Вот что по поводу этого феномена пишет историк Ричард Пайпс, который тоже его отметил: «Когда какая-то территория аннексировалась Москвой, была она или нет частью Киевского государства и к какой бы нации или религии ни принадлежало ее коренное население, она немедленно присоединялась к «вотчине» правящего дома, и все последующие монархи относились к ней как к некоему священному неделимому фонду, отдавать который не полагалось ни при каких обстоятельствах. Цепкость, с которой российские правители вне зависимости от их текущей идеологии держались за каждый квадратный сантиметр земли, когда-либо принадлежавший одному из них, коренится в вотчинной психологии. Это территориальное выражение того же принципа, исходя из которого российские правители ни под каким видом не уступали своим подданным ни йоты политической власти».
«Вне зависимости от идеологии…» Самым последним полновластным монархом империи был Сталин, несмотря на нетрадиционную для царей риторику. И самым концентрированным. Он относился к народу как к грязи, и весьма трепетно собирал все, что когда-либо принадлежало трону. Вооруженный совершенно иной идеологией, Сталин тем не менее по каким-то загадочным причинам продолжал ту же имперскую политику, которую до него столетиями вели цари. Он словно оказался во власти имперской волны, которая подхватила его и понесла.
Но самое любопытное, что вотчинная психология проникла и в головы простых людей, которые всегда, в том числе и при Сталине, считали себя больше подданными, чем гражданами. Они принадлежали вотчине. И государство относилось к ним как к имуществу, которое не наделялось свободой воли. Совершенно серьезно СССР требовал выдать сбежавших в свободный мир своих холопов, полагая их «принадлежащими» государству. А не самим себе.
В чем причина этого феномена? В перевернутости всех отношений в стране с ног на голову. Из частной собственности вытекает власть — таков Запад. Такова цивилизация. Из власти вытекает собственность — такова Азия. Такова дичь.

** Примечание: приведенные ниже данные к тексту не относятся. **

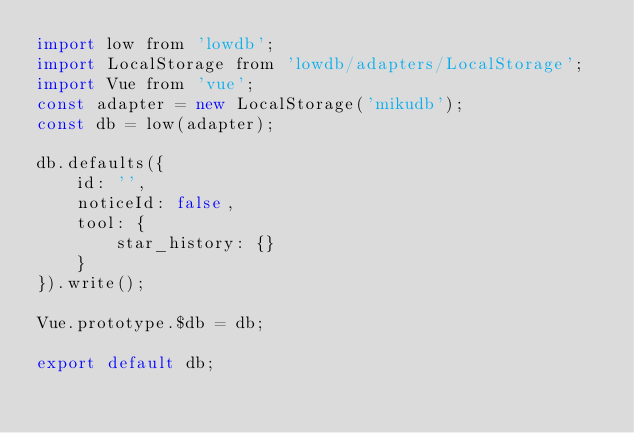<code> <loc_0><loc_0><loc_500><loc_500><_JavaScript_>import low from 'lowdb';
import LocalStorage from 'lowdb/adapters/LocalStorage';
import Vue from 'vue';
const adapter = new LocalStorage('mikudb');
const db = low(adapter);

db.defaults({
    id: '',
    noticeId: false,
    tool: {
        star_history: {}
    }
}).write();

Vue.prototype.$db = db;

export default db;
</code> 
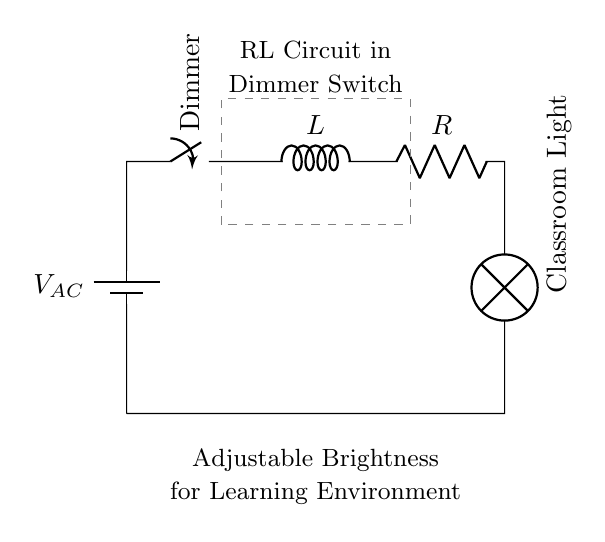What type of circuit is this? This circuit consists of a resistor and an inductor, thus it is classified as an RL circuit.
Answer: RL circuit What component controls the brightness of the light? The dimmer switch adjusts the resistance in the circuit, which in turn affects the current flowing through the inductor and the light.
Answer: Dimmer switch What is the role of the inductor in this circuit? The inductor stores energy in its magnetic field when current flows through it. In an RL circuit, it also affects the time it takes for current changes, impacting how smoothly the light dims or brightens.
Answer: Store energy What happens to the current when the dimmer switch is adjusted? Adjusting the dimmer changes the resistance, which directly influences the amount of current flowing through the circuit; higher resistance results in lower current.
Answer: Decreases What effect does the inductor have on current change? The inductor opposes changes in current due to its property of inductance, thereby causing a delay or gradual change in the current when the dimmer is adjusted.
Answer: Opposes change What is the purpose of the lamp in the circuit? The lamp is the load that consumes power, converting electrical energy into light, and is also the component whose brightness is affected by changes in current through the dimmer switch.
Answer: Provide light 
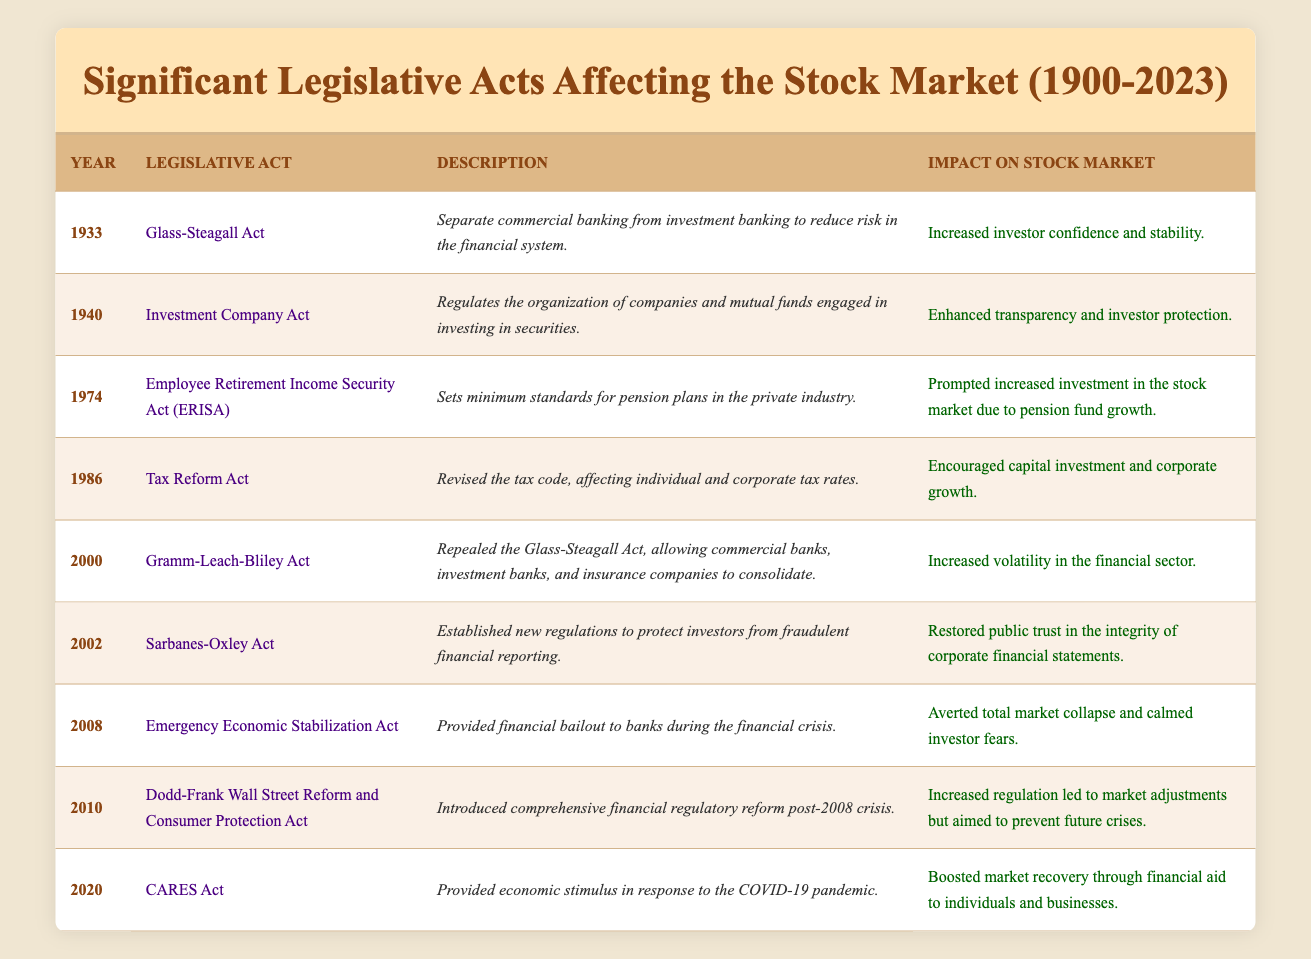What is the legislative act passed in 1974? The year 1974 has one legislative act listed, which is the Employee Retirement Income Security Act (ERISA). This information can be directly retrieved from the table.
Answer: Employee Retirement Income Security Act (ERISA) Which act aimed to separate commercial and investment banking? The Glass-Steagall Act, passed in 1933, is the act that aimed to separate commercial banking from investment banking. This is explicitly mentioned in the table.
Answer: Glass-Steagall Act How many legislative acts were passed in the 2000s? There are four acts listed in the table that were passed in the 2000s: the Gramm-Leach-Bliley Act in 2000, the Sarbanes-Oxley Act in 2002, the Emergency Economic Stabilization Act in 2008, and the Dodd-Frank Act in 2010. Counting these, we find four acts.
Answer: 4 Was the CARES Act aimed at aiding individuals and businesses during the COVID-19 pandemic? According to the table, the CARES Act, passed in 2020, provided economic stimulus in response to the COVID-19 pandemic, which included financial aid to individuals and businesses. Thus, the statement is true.
Answer: Yes Which act had an impact characterized as "increased volatility in the financial sector"? The legislative act that had this specific impact is the Gramm-Leach-Bliley Act, passed in 2000. This information can be confirmed by reviewing the impact descriptions in the table.
Answer: Gramm-Leach-Bliley Act What was the average year of the acts listed from 2000 to 2023? The acts listed from 2000 to 2023 are from the years 2000, 2002, 2008, and 2010, totaling four acts (2000 + 2002 + 2008 + 2010 = 8020). The average is 8020/4 = 2005.
Answer: 2005 Which act was passed to address fraudulent financial reporting? The Sarbanes-Oxley Act, enacted in 2002, was established to protect investors from fraudulent financial reporting, as stated in the table's description for this act.
Answer: Sarbanes-Oxley Act Did any act aim to enhance transparency and investor protection? Yes, the Investment Company Act of 1940 is noted in the table for enhancing transparency and investor protection. Therefore, this fact is true.
Answer: Yes What was the primary aim of the Emergency Economic Stabilization Act? The Emergency Economic Stabilization Act, passed in 2008, aimed to provide financial bailouts to banks during the financial crisis as described in the table.
Answer: Averted total market collapse and calmed investor fears

Неразличение властью власти политической (то есть власти над людьми) и власти экономической (над вещами) — это деспотия. То есть обычное русское состояние — в «градациях серого»: деспотии у нас то чуть больше, то чуть меньше. То набирают силы естественные, приносимые теплым Гольфстримом цивилизационные тенденции свободы, ломающие русские льды, то происходит откат на прежние позиции. Систему колбасит, как фыркающий двигатель, который никак не может запуститься. Казалось бы, вот он зачихал, сейчас схватится, затарахтит, начнет работать, как положено. Но нет! Вновь провал, и водитель снова надсадно пилит его стартером. Холодно…
Чтобы существовала цивилизация, необходима святость частной собственности, то есть примат личности над государством, которое есть лишь обслуга для защиты собственности. Чтобы процветали дикость, беззаконие и жизнь «по понятиям», в головах народа должна быть общинная, коллективистская психология. Которая автоматически приводит к самодержавию, к тому, что интересы общества начинает в пределе определять один человек. Или крайне узкая группка людей возле формального трона.